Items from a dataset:

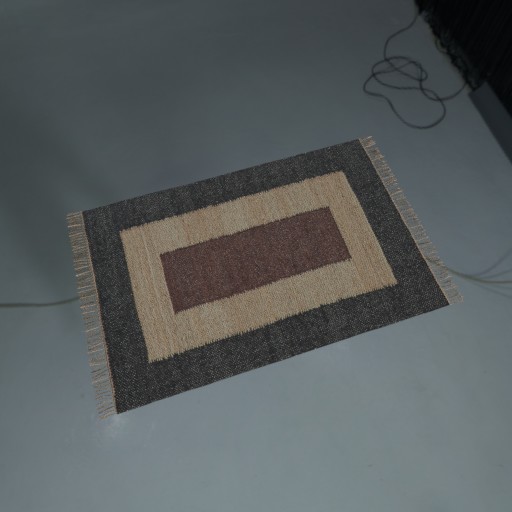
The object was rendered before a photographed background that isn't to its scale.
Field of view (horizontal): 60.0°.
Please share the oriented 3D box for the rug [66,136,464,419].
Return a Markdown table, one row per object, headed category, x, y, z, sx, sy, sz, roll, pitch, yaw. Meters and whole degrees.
| category | x | y | z | sx | sy | sz | roll | pitch | yaw |
| --- | --- | --- | --- | --- | --- | --- | --- | --- | --- |
| rug | 0.000 | 0.000 | 2.543 | 2.021 | 0.027 | 1.224 | -16 | 65 | -8 |
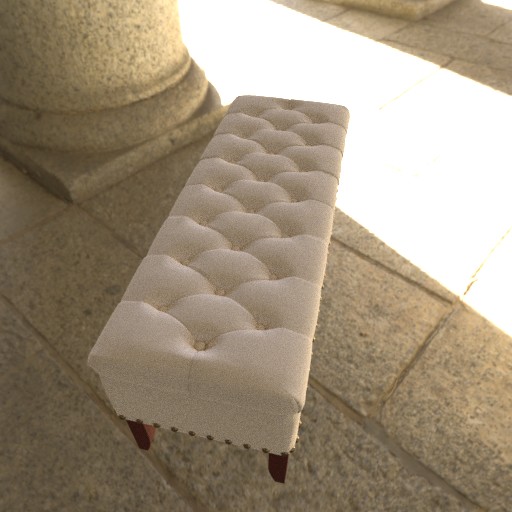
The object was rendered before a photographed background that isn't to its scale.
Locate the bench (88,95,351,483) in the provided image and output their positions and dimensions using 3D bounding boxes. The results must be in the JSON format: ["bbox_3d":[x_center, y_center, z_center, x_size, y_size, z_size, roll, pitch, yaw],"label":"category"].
[{"bbox_3d":[0.000,0.000,1.258,0.400,0.470,1.054,9,46,9],"label":"bench"}]
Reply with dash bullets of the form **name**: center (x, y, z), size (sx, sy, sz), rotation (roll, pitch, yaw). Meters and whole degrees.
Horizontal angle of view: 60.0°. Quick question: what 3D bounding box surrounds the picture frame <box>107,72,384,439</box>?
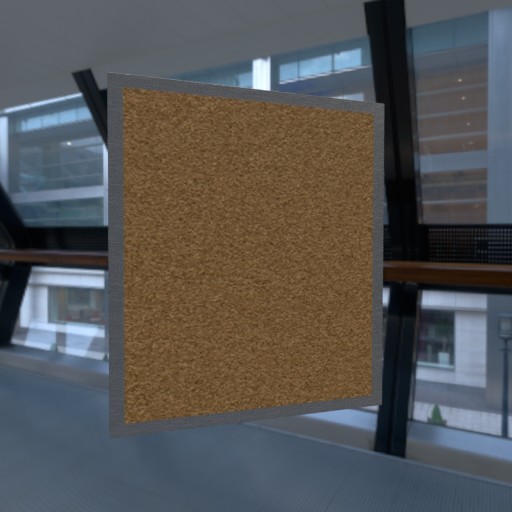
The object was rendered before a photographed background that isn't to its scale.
- **picture frame**: center (0.000, 0.000, 0.518), size (0.327, 0.378, 0.027), rotation (0, 1, -18)
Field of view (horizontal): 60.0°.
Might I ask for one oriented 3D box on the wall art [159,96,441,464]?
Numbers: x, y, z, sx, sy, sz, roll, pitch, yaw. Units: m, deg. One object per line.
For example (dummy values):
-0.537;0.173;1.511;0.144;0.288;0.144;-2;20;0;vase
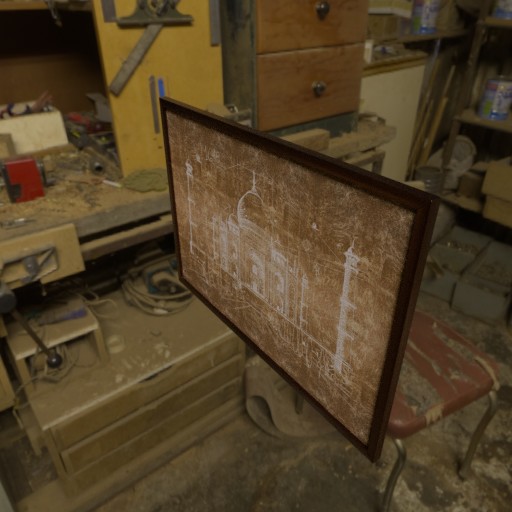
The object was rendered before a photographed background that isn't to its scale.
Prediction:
0.000;0.000;0.543;0.012;0.304;0.431;-21;37;-31;wall art

Aim of the exercise: An exact reproduction of the data is needed, with no pictures included.

Reply to the exercise:
The object was rendered before a photographed background that isn't to its scale.
Field of view (horizontal): 60.0°.
Please share the oriented 3D box for the rug [66,136,464,419].
Return a Markdown table, one row per object, headed category, x, y, z, sx, sy, sz, roll, pitch, yaw. Meters and whole degrees.
| category | x | y | z | sx | sy | sz | roll | pitch | yaw |
| --- | --- | --- | --- | --- | --- | --- | --- | --- | --- |
| rug | 0.000 | 0.000 | 2.543 | 2.021 | 0.027 | 1.224 | -16 | 65 | -8 |
The object was rendered before a photographed background that isn't to its scale.
Locate the bench (88,95,351,483) in the provided image and output their positions and dimensions using 3D bounding boxes. The results must be in the JSON format: ["bbox_3d":[x_center, y_center, z_center, x_size, y_size, z_size, roll, pitch, yaw],"label":"category"].
[{"bbox_3d":[0.000,0.000,1.258,0.400,0.470,1.054,9,46,9],"label":"bench"}]
Reply with dash bullets of the form **name**: center (x, y, z), size (sx, sy, sz), rotation (roll, pitch, yaw). Meters and whole degrees.
Horizontal angle of view: 60.0°. Quick question: what 3D bounding box surrounds the picture frame <box>107,72,384,439</box>?
The object was rendered before a photographed background that isn't to its scale.
- **picture frame**: center (0.000, 0.000, 0.518), size (0.327, 0.378, 0.027), rotation (0, 1, -18)
Field of view (horizontal): 60.0°.
Might I ask for one oriented 3D box on the wall art [159,96,441,464]?
Numbers: x, y, z, sx, sy, sz, roll, pitch, yaw. Units: m, deg. One object per line.
For example (dummy values):
-0.537;0.173;1.511;0.144;0.288;0.144;-2;20;0;vase
The object was rendered before a photographed background that isn't to its scale.
Prediction:
0.000;0.000;0.543;0.012;0.304;0.431;-21;37;-31;wall art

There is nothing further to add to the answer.